Troubleshooting, when F5 debugging can’t help you

time to read 6 min | 1054 words

You might have noticed that we have been doing a lot of work on the operational side of things. To make sure that we give you as good a story as possible with regards to the care & feeding of RavenDB. This post isn’t about this. This post is about your applications and systems, and how you are going to react when !@)(*#!@(* happens.

In particular, the question is what do you do when this happens?

This situation can crop up in many disguises. For example, you might be seeing a high memory usage in production, or experiencing growing CPU usage over time, or see request times go up, or any of a hundred and one different production issues that make for a hell of a night (somehow, they almost always happen at nighttime)

Here is how it usually people think about it.

The first thing to do is to understand what is going on. About the hardest thing to handle in this situations is when we have an issue (high memory, high CPU, etc) and no idea why. Usually all the effort is spent just figuring out what and why.. The problem with this process for troubleshooting issues is that it is very easy to jump to conclusions and have an utterly wrong hypothesis. Then you have to go through the rest of the steps to realize it isn’t right.

So the first thing that we need to do is gather information. And this post is primarily about the various ways that you can do that. In RavenDB, we have actually spent a lot of time exposing information to the outside world, so we’ll have an easier time figuring out what is going on. But I’m going to assume that you don’t have that.

The end all tool for this kind of errors in WinDBG. This is the low level tool that gives you access to pretty much anything you can want. It is also very archaic and not very friendly at all. The good thing about it is that you can load a dump into it. A dump is a capture of the process state at a particular point in time. It gives you the ability to see the entire memory contents and all the threads. It is an essential tool, but also the last one I want to use, because it is pretty hard to do so. Dump files can be very big, multiple GB are very common. That is because they contain the full memory dump of the process. There is also mini dumps, which are easier to work with, but don’t contain the memory dump, so you can watch the threads, but not the data.

The .NET Memory Profiler is another great tool for figuring things out. It isn’t usually so good for production analysis, because it uses the Profiler API to figure things out, but it has a wonderful feature of loading dump files (ironically, it can’t handle very large dump files because of memory issuesSmile) and give you a much nicer view of what is going on there.

For high CPU situations, I like to know what is actually going on. And looking at the stack traces is a great way to do that. WinDBG can help here (take a few mini dumps a few seconds apart), but again, that isn’t so nice to use.

Stack Dump is a tool that takes a lot of the pain away for having to deal with that. Because it just output all the threads information, and we have used that successfully in the past to figure out what is going on.

For general performance stuff “requests are slow”, we need to figure out where the slowness actually is. We have had reports that run the gamut from “things are slow, client machine is loaded” to “things are slow, the network QoS settings throttle us”. I like to start by using Fiddler to start figuring those things out.
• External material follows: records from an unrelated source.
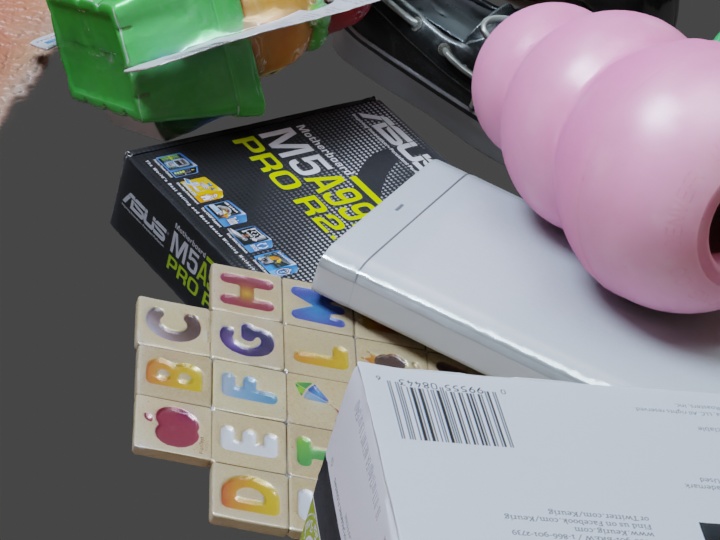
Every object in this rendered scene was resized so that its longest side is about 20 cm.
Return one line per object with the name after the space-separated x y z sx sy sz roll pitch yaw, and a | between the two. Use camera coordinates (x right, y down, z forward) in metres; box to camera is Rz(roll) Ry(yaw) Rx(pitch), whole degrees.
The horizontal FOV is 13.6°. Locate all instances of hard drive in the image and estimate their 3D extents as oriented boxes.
0.093 0.019 1.376 0.199 0.027 0.132 26 30 15 | hard drive

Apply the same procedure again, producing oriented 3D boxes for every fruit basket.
-0.048 -0.130 1.515 0.199 0.094 0.185 -14 15 -23 | fruit basket

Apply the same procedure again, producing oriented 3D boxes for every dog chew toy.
0.123 -0.063 1.391 0.124 0.125 0.200 -8 30 -31 | dog chew toy

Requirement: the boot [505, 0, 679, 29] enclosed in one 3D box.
0.062 -0.170 1.678 0.199 0.069 0.188 14 -2 36 | boot

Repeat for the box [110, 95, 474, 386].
0.000 0.000 1.436 0.160 0.044 0.200 -15 45 -36 | box

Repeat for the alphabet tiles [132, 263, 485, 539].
-0.001 0.062 1.306 0.199 0.006 0.167 11 38 -11 | alphabet tiles

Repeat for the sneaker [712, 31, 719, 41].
0.240 -0.104 1.637 0.199 0.084 0.074 -16 27 -39 | sneaker

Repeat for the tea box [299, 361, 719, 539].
0.078 0.155 1.117 0.199 0.198 0.134 6 36 -15 | tea box

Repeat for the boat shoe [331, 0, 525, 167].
0.076 -0.111 1.601 0.199 0.068 0.073 34 39 25 | boat shoe
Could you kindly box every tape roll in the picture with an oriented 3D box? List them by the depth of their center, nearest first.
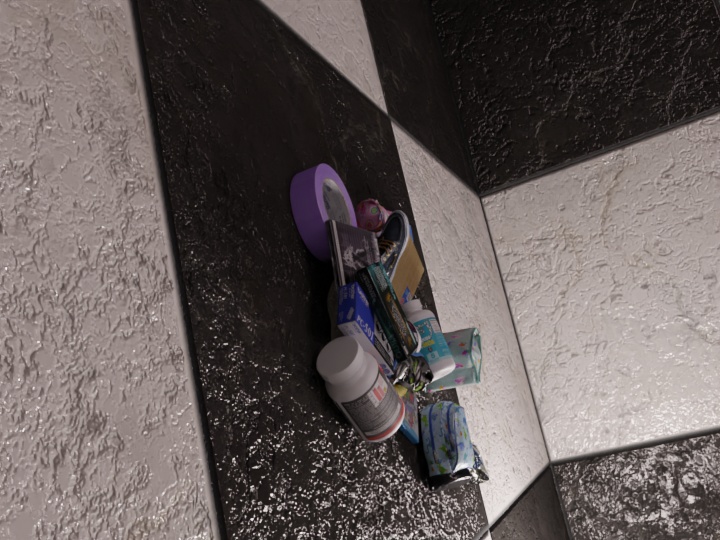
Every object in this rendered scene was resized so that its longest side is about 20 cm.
[{"bbox_3d":[-0.077,-0.126,1.506,0.201,0.064,0.204,53,28,-44],"label":"tape roll"}]

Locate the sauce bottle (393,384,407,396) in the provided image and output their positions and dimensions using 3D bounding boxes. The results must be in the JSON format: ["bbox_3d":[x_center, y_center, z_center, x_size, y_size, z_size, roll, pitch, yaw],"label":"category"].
[{"bbox_3d":[0.077,0.263,1.583,0.199,0.063,0.066,-17,89,-67],"label":"sauce bottle"}]

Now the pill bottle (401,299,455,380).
[{"bbox_3d":[0.161,0.181,1.788,0.110,0.109,0.204,21,43,-64],"label":"pill bottle"}]

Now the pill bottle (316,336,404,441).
[{"bbox_3d":[0.000,0.232,1.350,0.202,0.114,0.117,58,25,-34],"label":"pill bottle"}]

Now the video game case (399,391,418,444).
[{"bbox_3d":[0.107,0.304,1.703,0.144,0.017,0.203,53,28,-43],"label":"video game case"}]

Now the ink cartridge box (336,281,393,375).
[{"bbox_3d":[0.013,0.123,1.393,0.201,0.043,0.096,56,27,-44],"label":"ink cartridge box"}]

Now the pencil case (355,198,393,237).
[{"bbox_3d":[0.053,-0.130,1.812,0.199,0.086,0.090,19,56,-66],"label":"pencil case"}]

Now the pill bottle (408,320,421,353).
[{"bbox_3d":[0.073,0.162,1.599,0.199,0.109,0.114,20,55,-65],"label":"pill bottle"}]

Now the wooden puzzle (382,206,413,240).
[{"bbox_3d":[0.120,-0.076,1.998,0.199,0.045,0.190,31,46,-61],"label":"wooden puzzle"}]

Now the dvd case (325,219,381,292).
[{"bbox_3d":[-0.006,-0.020,1.473,0.199,0.016,0.153,11,66,-60],"label":"dvd case"}]

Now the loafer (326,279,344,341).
[{"bbox_3d":[-0.033,0.100,1.451,0.070,0.068,0.204,67,20,-52],"label":"loafer"}]

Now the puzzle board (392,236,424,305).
[{"bbox_3d":[0.118,0.010,1.898,0.153,0.017,0.202,64,38,-35],"label":"puzzle board"}]

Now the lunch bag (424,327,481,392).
[{"bbox_3d":[0.251,0.234,1.918,0.201,0.166,0.124,-67,140,-62],"label":"lunch bag"}]

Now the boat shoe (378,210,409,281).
[{"bbox_3d":[0.063,-0.051,1.700,0.090,0.069,0.205,4,102,-65],"label":"boat shoe"}]

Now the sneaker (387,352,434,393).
[{"bbox_3d":[0.111,0.228,1.522,0.083,0.071,0.198,49,19,23],"label":"sneaker"}]

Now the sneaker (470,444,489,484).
[{"bbox_3d":[0.314,0.539,1.997,0.086,0.075,0.202,-100,168,-47],"label":"sneaker"}]

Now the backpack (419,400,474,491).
[{"bbox_3d":[0.216,0.435,1.741,0.162,0.152,0.203,22,40,-55],"label":"backpack"}]

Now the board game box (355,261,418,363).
[{"bbox_3d":[0.059,0.083,1.436,0.204,0.028,0.135,66,15,2],"label":"board game box"}]
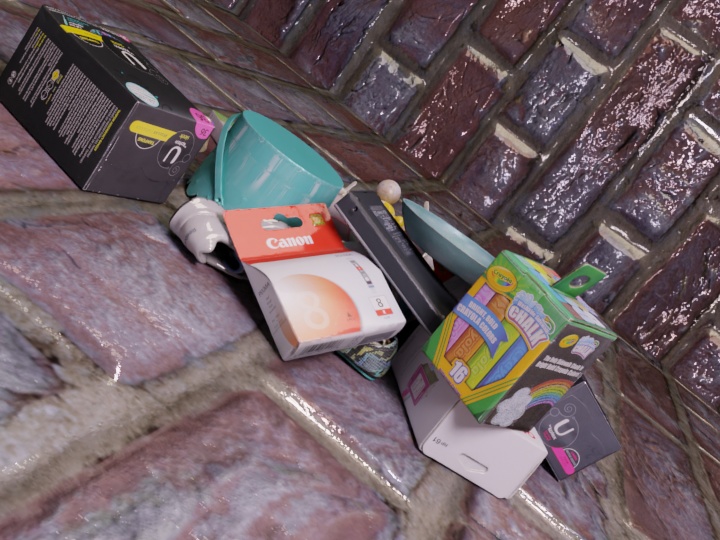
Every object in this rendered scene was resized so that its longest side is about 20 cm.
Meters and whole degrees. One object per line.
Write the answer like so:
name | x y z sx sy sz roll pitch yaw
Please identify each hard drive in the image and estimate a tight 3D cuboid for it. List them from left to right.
hard drive | 0.052 -0.013 1.124 0.201 0.033 0.140 54 13 4

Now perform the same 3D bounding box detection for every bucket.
bucket | -0.132 -0.122 1.246 0.207 0.135 0.207 36 13 -10

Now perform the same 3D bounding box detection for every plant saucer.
plant saucer | 0.128 -0.025 1.180 0.199 0.036 0.200 35 11 -7

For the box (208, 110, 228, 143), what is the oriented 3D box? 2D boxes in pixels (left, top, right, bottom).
box | -0.186 -0.200 1.561 0.144 0.036 0.200 25 20 -41

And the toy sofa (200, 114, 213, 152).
toy sofa | -0.305 -0.230 1.239 0.199 0.098 0.083 33 16 -17

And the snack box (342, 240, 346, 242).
snack box | 0.000 0.000 1.320 0.024 0.072 0.200 43 15 26

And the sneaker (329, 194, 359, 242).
sneaker | -0.017 -0.057 1.375 0.104 0.076 0.200 30 -14 19

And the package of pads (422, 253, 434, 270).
package of pads | 0.183 0.062 1.459 0.200 0.068 0.155 50 -15 43

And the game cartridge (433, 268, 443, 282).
game cartridge | 0.164 0.075 1.337 0.130 0.038 0.201 40 -26 43

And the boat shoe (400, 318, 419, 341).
boat shoe | 0.092 0.088 1.306 0.200 0.072 0.068 -109 175 -66

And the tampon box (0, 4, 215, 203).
tampon box | -0.309 -0.197 1.066 0.200 0.127 0.150 44 16 20

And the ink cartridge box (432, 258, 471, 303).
ink cartridge box | 0.146 0.081 1.270 0.174 0.043 0.201 45 -22 43

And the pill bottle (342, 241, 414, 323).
pill bottle | 0.007 0.020 1.198 0.111 0.111 0.200 44 16 24

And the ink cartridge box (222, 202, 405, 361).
ink cartridge box | -0.053 -0.003 1.027 0.161 0.050 0.201 -8 66 -40

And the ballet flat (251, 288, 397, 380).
ballet flat | -0.038 0.052 1.079 0.199 0.074 0.074 35 14 -10

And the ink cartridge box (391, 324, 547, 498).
ink cartridge box | 0.130 0.168 1.095 0.144 0.085 0.200 32 17 -21

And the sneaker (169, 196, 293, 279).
sneaker | -0.141 -0.022 1.080 0.199 0.075 0.087 12 37 -43

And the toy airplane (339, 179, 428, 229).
toy airplane | 0.041 -0.088 1.548 0.199 0.142 0.199 15 3 -25

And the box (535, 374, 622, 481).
box | 0.293 0.195 1.301 0.123 0.106 0.200 58 10 -13

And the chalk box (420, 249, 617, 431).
chalk box | 0.191 0.064 0.991 0.124 0.200 0.124 19 25 -49

In particular, the statistics window is very helpful:

image

The obvious things are the bytes sent & bytes received. We have a few cases where a customer was actually sending 100s of MB in either of both directions, and was surprised it took some time. If those values are fine, you want to look at the actual performance listing. In particular, look at things like TCP/IP connect, time from client sending the request to server starting to get it, etc.

If you found the problem is actually at the network layer, you might not be able to immediately handle it. You might need to go a level or two lower, and look at the actual TCP traffic. This is where something like Wire Shark comes into play, and it is useful to figure out if you have specific errors at  that level (for example, a bad connection that cause a lot of packet loss will impact performance, but things will still work).

Other tools that are very important include Resource Monitor, Process Explorer and Process Monitor. Those give you a lot of information about what your application is actually doing.

One you have all of that information, you can form a hypothesis and try to test it.

If you own the application in question, the best way to improve your chances of figuring out what is going on is to add logging. Lots & lots of logging. In production, having the logs to support what is going on is crucial. I usually have several levels of logging. For example, what is the traffic in/out of my system. Next there is the actual system operations, especially anything that happens in the background. Finally, there are the debug/trace endpoints that will expose internal state and allow you to tweak various things at runtime.

Having good working knowledge on how to properly utilize the above mention tools is very important, and should be considered to be much more useful than learning a new API or a language feature.